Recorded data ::
--- START ---
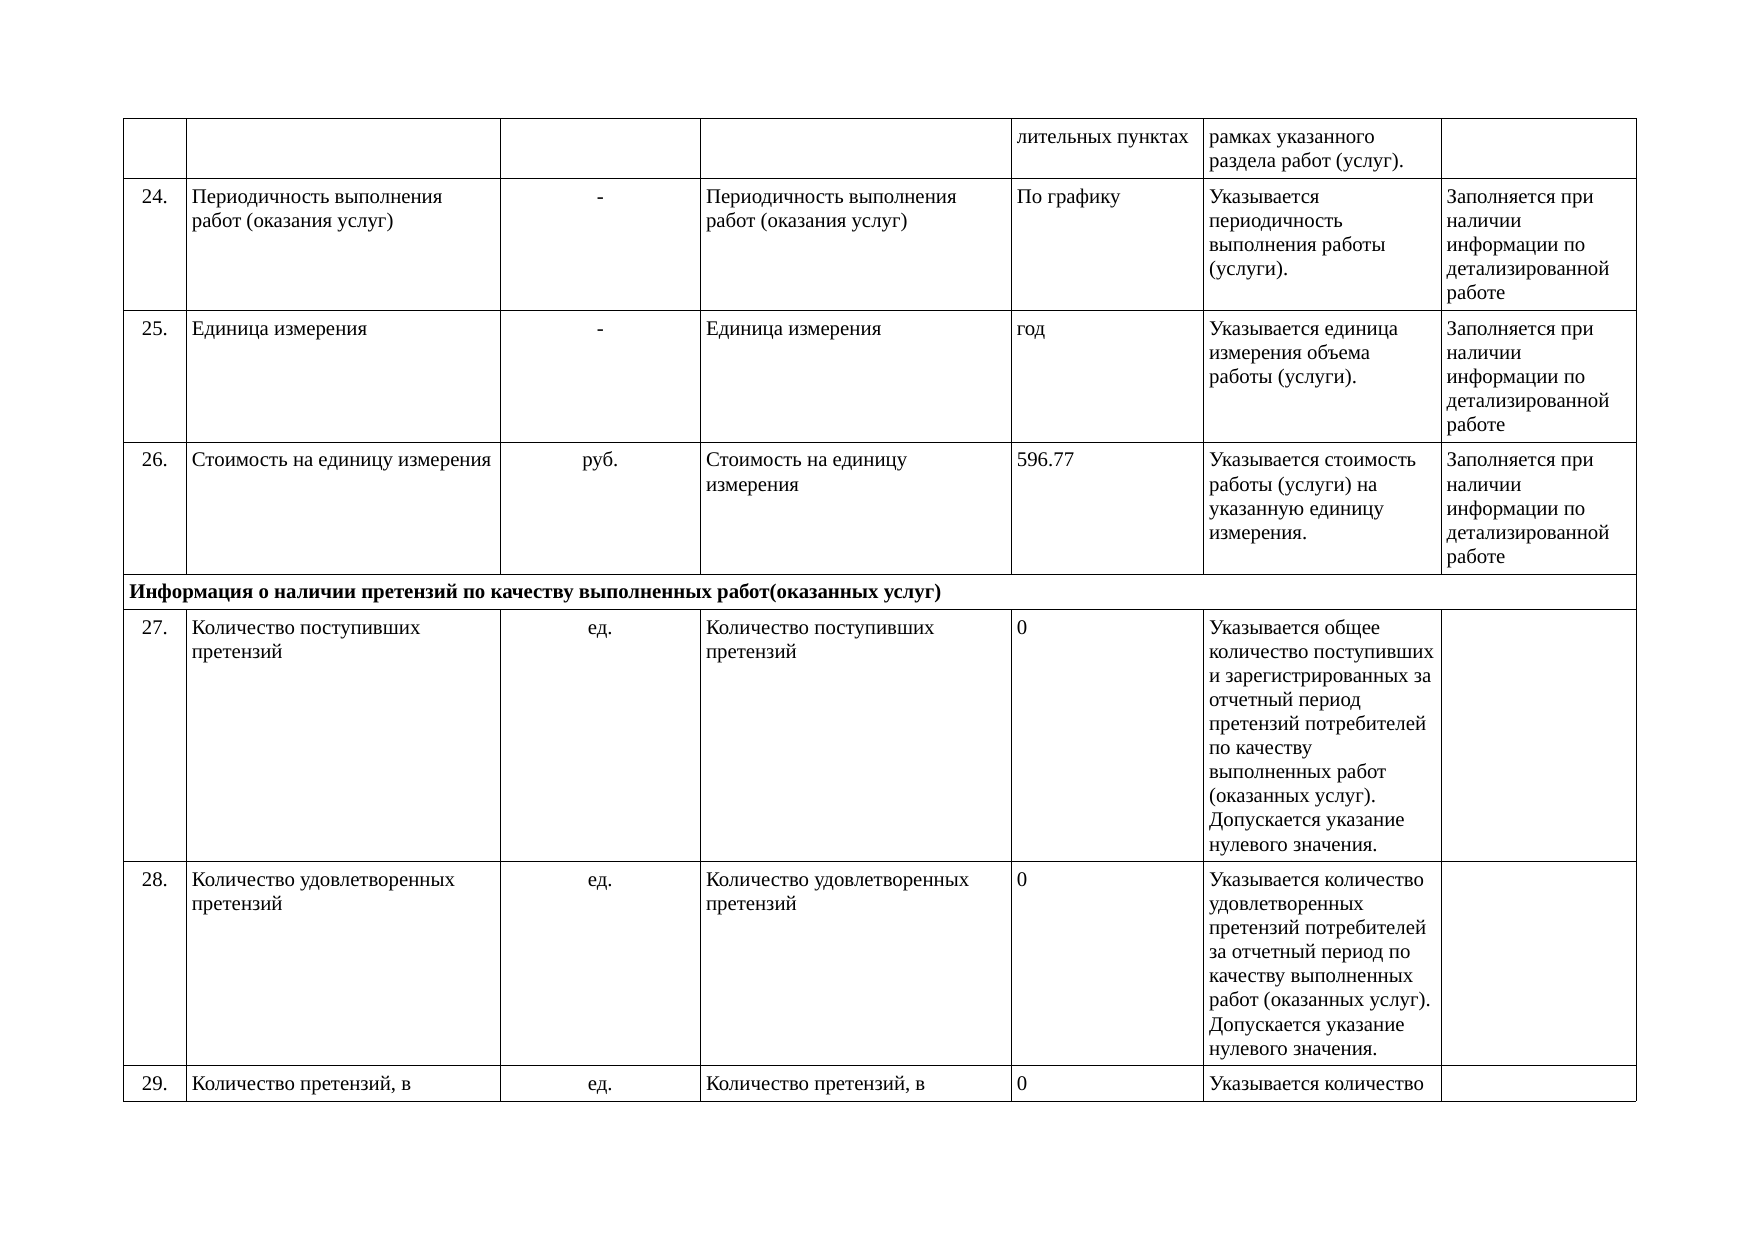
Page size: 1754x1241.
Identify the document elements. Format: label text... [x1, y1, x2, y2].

table_cell ед. [501, 610, 700, 861]
table_cell [701, 119, 1011, 178]
table_cell [187, 119, 500, 178]
table_cell 27. [124, 610, 186, 861]
table_cell Количество поступивших претензий [701, 610, 1011, 861]
table_cell По графику [1012, 179, 1203, 310]
table_cell - [501, 311, 700, 442]
table_cell Заполняется при наличии информации по детализированной работе [1442, 179, 1636, 310]
table_cell - [501, 119, 700, 178]
table_cell 0 [1012, 1066, 1203, 1101]
table_cell [1442, 862, 1636, 1065]
table_cell Указывается количество [1204, 1066, 1441, 1101]
table_cell Указывается стоимость работы (услуги) на указанную единицу измерения. [1204, 443, 1441, 573]
table_cell [1442, 610, 1636, 861]
table_cell Количество претензий, в [187, 1066, 500, 1101]
table_cell руб. [501, 443, 700, 573]
table_cell Периодичность выполнения работ (оказания услуг) [187, 179, 500, 310]
table_cell [1442, 1066, 1636, 1101]
table_cell Стоимость на единицу измерения [701, 443, 1011, 573]
table_cell Количество удовлетворенных претензий [701, 862, 1011, 1065]
table_cell год [1012, 311, 1203, 442]
table_cell 24. [124, 179, 186, 310]
table_cell Количество поступивших претензий [187, 610, 500, 861]
table_cell 26. [124, 443, 186, 573]
table_cell 0 [1012, 862, 1203, 1065]
table_cell Единица измерения [187, 311, 500, 442]
table_cell рамках указанного раздела работ (услуг). [1204, 119, 1441, 178]
table_cell Единица измерения [701, 311, 1011, 442]
table_cell ед. [501, 1066, 700, 1101]
table_cell Указывается единица измерения объема работы (услуги). [1204, 311, 1441, 442]
table_cell Периодичность выполнения работ (оказания услуг) [701, 179, 1011, 310]
table_cell Указывается периодичность выполнения работы (услуги). [1204, 179, 1441, 310]
table_cell 596,77 [1012, 443, 1203, 573]
table_cell [124, 119, 186, 178]
table_cell лительных пунктах [1012, 119, 1203, 178]
table_cell Количество претензий, в [701, 1066, 1011, 1101]
table_cell Указывается количество удовлетворенных претензий потребителей за отчетный период по качеству выполненных работ (оказанных услуг). Допускается указание нулевого значения. [1204, 862, 1441, 1065]
table_cell ед. [501, 862, 700, 1065]
table_cell Заполняется при наличии информации по детализированной работе [1442, 443, 1636, 573]
table_cell Заполняется при наличии информации по детализированной работе [1442, 311, 1636, 442]
table_cell - [501, 179, 700, 310]
table_cell Информация о наличии претензий по качеству выполненных работ(оказанных услуг) [124, 575, 1636, 609]
table_cell [1442, 119, 1636, 178]
table_cell 28. [124, 862, 186, 1065]
table_cell Указывается общее количество поступивших и зарегистрированных за отчетный период претензий потребителей по качеству выполненных работ (оказанных услуг). Допускается указание нулевого значения. [1204, 610, 1441, 861]
table_cell Стоимость на единицу измерения [187, 443, 500, 573]
table_cell 0 [1012, 610, 1203, 861]
table_cell 29. [124, 1066, 186, 1101]
table_cell 25. [124, 311, 186, 442]
table_cell Количество удовлетворенных претензий [187, 862, 500, 1065]
--- END ---
ABOUT THIS TASK ::
For the records above, give every line again exactly and skip the pictures.

SOLUTION TO THIS EXERCISE ::
Page size: 1754x1241.
Identify the document elements. Format: label text... [x1, y1, x2, y2].

table_cell ед. [501, 610, 700, 861]
table_cell [701, 119, 1011, 178]
table_cell [187, 119, 500, 178]
table_cell 27. [124, 610, 186, 861]
table_cell Количество поступивших претензий [701, 610, 1011, 861]
table_cell По графику [1012, 179, 1203, 310]
table_cell - [501, 311, 700, 442]
table_cell Заполняется при наличии информации по детализированной работе [1442, 179, 1636, 310]
table_cell - [501, 119, 700, 178]
table_cell 0 [1012, 1066, 1203, 1101]
table_cell [1442, 862, 1636, 1065]
table_cell Указывается количество [1204, 1066, 1441, 1101]
table_cell Указывается стоимость работы (услуги) на указанную единицу измерения. [1204, 443, 1441, 573]
table_cell [1442, 610, 1636, 861]
table_cell Количество претензий, в [187, 1066, 500, 1101]
table_cell руб. [501, 443, 700, 573]
table_cell Периодичность выполнения работ (оказания услуг) [187, 179, 500, 310]
table_cell [1442, 1066, 1636, 1101]
table_cell Стоимость на единицу измерения [701, 443, 1011, 573]
table_cell Количество удовлетворенных претензий [701, 862, 1011, 1065]
table_cell год [1012, 311, 1203, 442]
table_cell 24. [124, 179, 186, 310]
table_cell Количество поступивших претензий [187, 610, 500, 861]
table_cell 26. [124, 443, 186, 573]
table_cell 0 [1012, 862, 1203, 1065]
table_cell Единица измерения [187, 311, 500, 442]
table_cell рамках указанного раздела работ (услуг). [1204, 119, 1441, 178]
table_cell Единица измерения [701, 311, 1011, 442]
table_cell ед. [501, 1066, 700, 1101]
table_cell Указывается единица измерения объема работы (услуги). [1204, 311, 1441, 442]
table_cell Периодичность выполнения работ (оказания услуг) [701, 179, 1011, 310]
table_cell Указывается периодичность выполнения работы (услуги). [1204, 179, 1441, 310]
table_cell 596,77 [1012, 443, 1203, 573]
table_cell [124, 119, 186, 178]
table_cell лительных пунктах [1012, 119, 1203, 178]
table_cell Количество претензий, в [701, 1066, 1011, 1101]
table_cell Указывается количество удовлетворенных претензий потребителей за отчетный период по качеству выполненных работ (оказанных услуг). Допускается указание нулевого значения. [1204, 862, 1441, 1065]
table_cell ед. [501, 862, 700, 1065]
table_cell Заполняется при наличии информации по детализированной работе [1442, 443, 1636, 573]
table_cell Заполняется при наличии информации по детализированной работе [1442, 311, 1636, 442]
table_cell - [501, 179, 700, 310]
table_cell Информация о наличии претензий по качеству выполненных работ(оказанных услуг) [124, 575, 1636, 609]
table_cell [1442, 119, 1636, 178]
table_cell 28. [124, 862, 186, 1065]
table_cell Указывается общее количество поступивших и зарегистрированных за отчетный период претензий потребителей по качеству выполненных работ (оказанных услуг). Допускается указание нулевого значения. [1204, 610, 1441, 861]
table_cell Стоимость на единицу измерения [187, 443, 500, 573]
table_cell 0 [1012, 610, 1203, 861]
table_cell 29. [124, 1066, 186, 1101]
table_cell 25. [124, 311, 186, 442]
table_cell Количество удовлетворенных претензий [187, 862, 500, 1065]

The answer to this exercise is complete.